Wie gehen Sie mit diesem Erfolgslauf im Pokal um?
Wir Verantwortliche haben alle dasselbe Ziel: den Aufstieg. Aber natürlich wirst du immer hungriger, wenn du weiterkommst. Jetzt haben wir eine Chance ins Halbfinale einzuziehen. In der Liga ist es ja auch so, dass wir auf Platz 2 stehen. Daran sieht man, welcher Druck auf uns lastet. Ich persönlich finde es aber einfach geil, dass wir über ein Pokal-Viertelfinale sprechen dürfen und Rot-Weiss Essen wieder in den Schlagzeilen ist.

Wird der Viertligist RWE mehr beachtet als ihr Ex-Klub SV Meppen in der 3. Liga?
Das glaube ich nicht. Die Regionalliga wird von den überregionalen Medien aktuell stiefmütterlich behandelt. Essen wird vielleicht ein wenig mehr betrachtet, weil der Verein so groß ist. Stünde Meppen im Viertelfinale, wäre das sicherlich aber genauso.

Wieso gingen sie nach sieben Jahren von Drittligist Meppen zu Viertligist Essen?
Die Vorgeschichte war, dass ich in Meppen früh Gewissheit haben wollte, ob wir verlängern oder nicht. Ich habe immer mit offenen Karten gespielt und gesagt, dass ich mich sonst anderweitig umschaue. In der Corona-Phase gab es dann Kontakt zu RWE. Daraus hat sich eine Fantasie entwickelt, an die ich erst nicht geglaubt habe: Ob ich nicht nur in Meppen, sondern auch bei einem Traditionsverein wie Essen Erfolg haben kann.

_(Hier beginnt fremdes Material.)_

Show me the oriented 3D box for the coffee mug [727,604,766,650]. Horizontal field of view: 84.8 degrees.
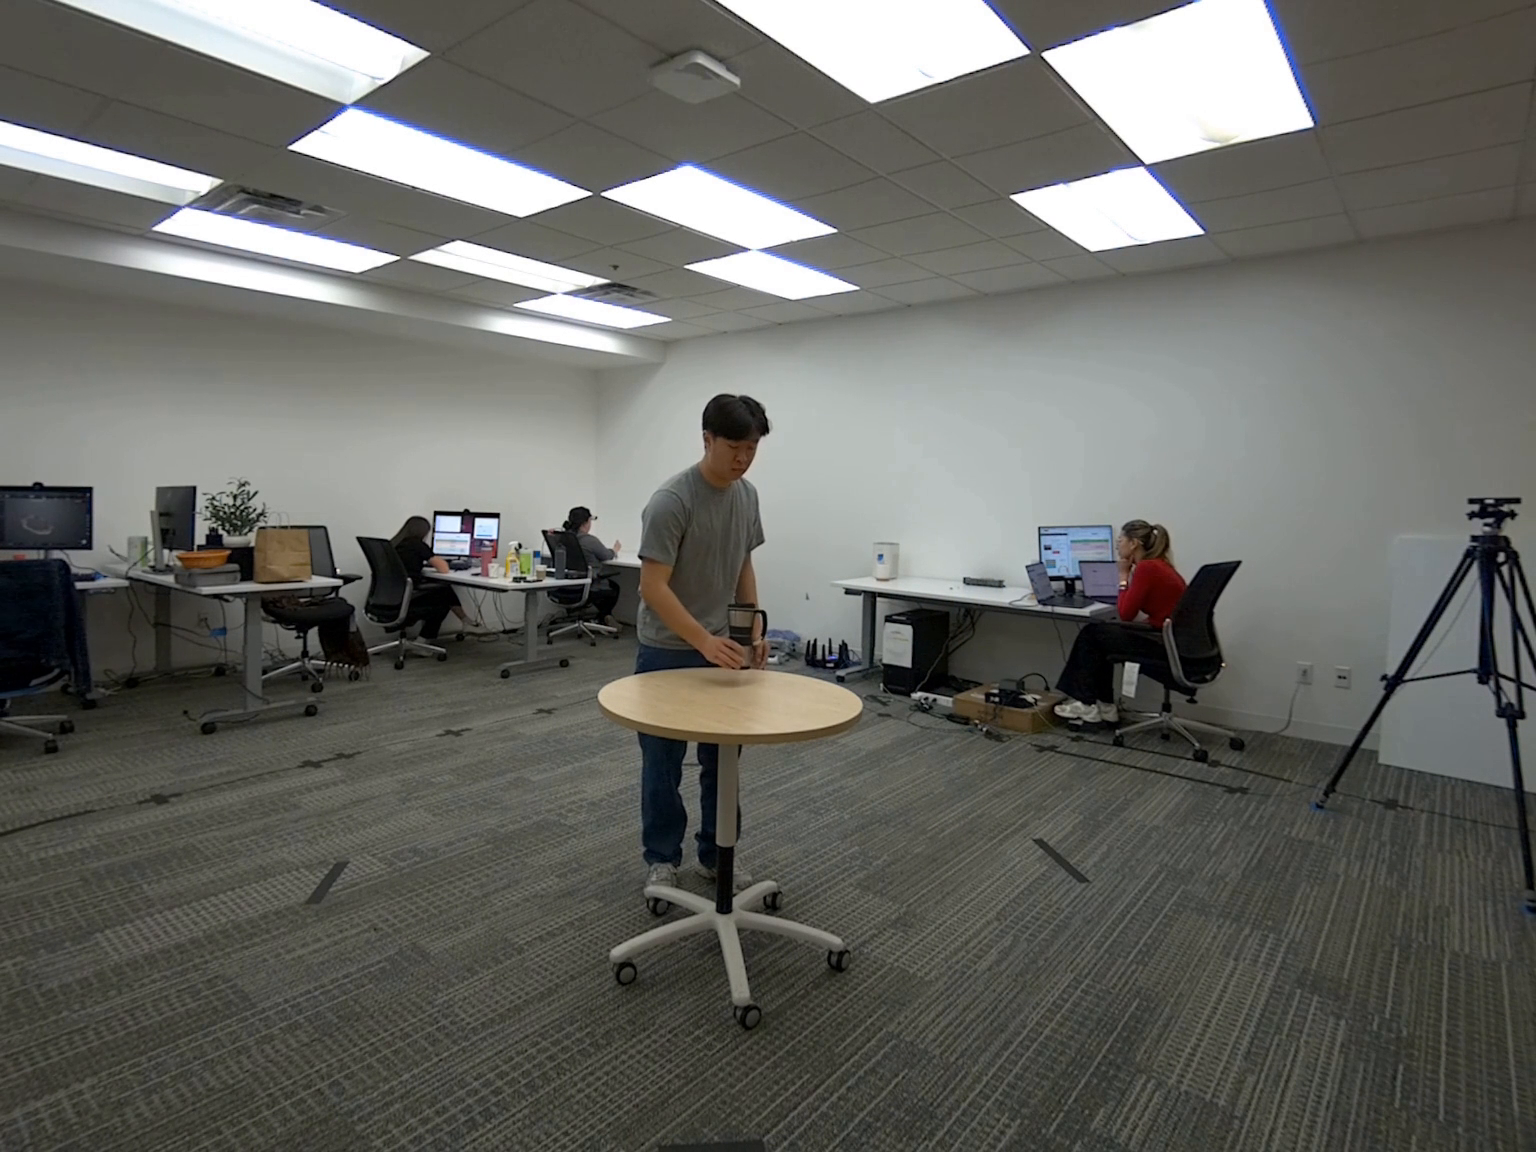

Und wenn wir es hier mit dem Aufstieg schaffen, habe ich logischerweise auch mehr Möglichkeiten als in Meppen. Das ist ein großer Unterscheid. Ich hatte den Mut, einen Schritt zurückzugehen und weiß: Wenn wir es schaffen, geht es auch wieder zwei Schritte nach vorne. Das war für mich als Trainer wichtig. In Meppen waren wir ja keinesfalls erfolglos, da waren wir nahe an der 2. Liga. Aber die Frage ist, ob man das jedes Jahr so wiederholen kann oder man irgendwann an die Grenze kommt.

Klingt nach einer romantischen Geschichte zwischen Ihnen und RWE. Trainer bleiben in der Regel ja nicht lange in Essen.
Damit habe ich mich auch beschäftigt. Nach unserem ersten Spiel gegen Wiedenbrück - da gab es in der 93. Minute den Ausgleich zum 1:1 - schrien die ersten Fans schon "Die gleiche Scheiße wie jedes Jahr". Was da auf mich zukommt, wenn es nicht läuft, wusste ich aber. Jetzt haben wir uns aber über Monate Vertrauen erarbeitet, obwohl wir gar nicht greifbar sind. Die Fans sehen uns ja nur am Bildschirm und nicht einmal ein Training. Im Grunde erfahren sie alles nur aus der Zeitung. Das nervt natürlich.

Und wenn Sie nun am Mittwochabend ins Halbfinale einziehen?
Dann rasten wir mit der Mannschaft total aus.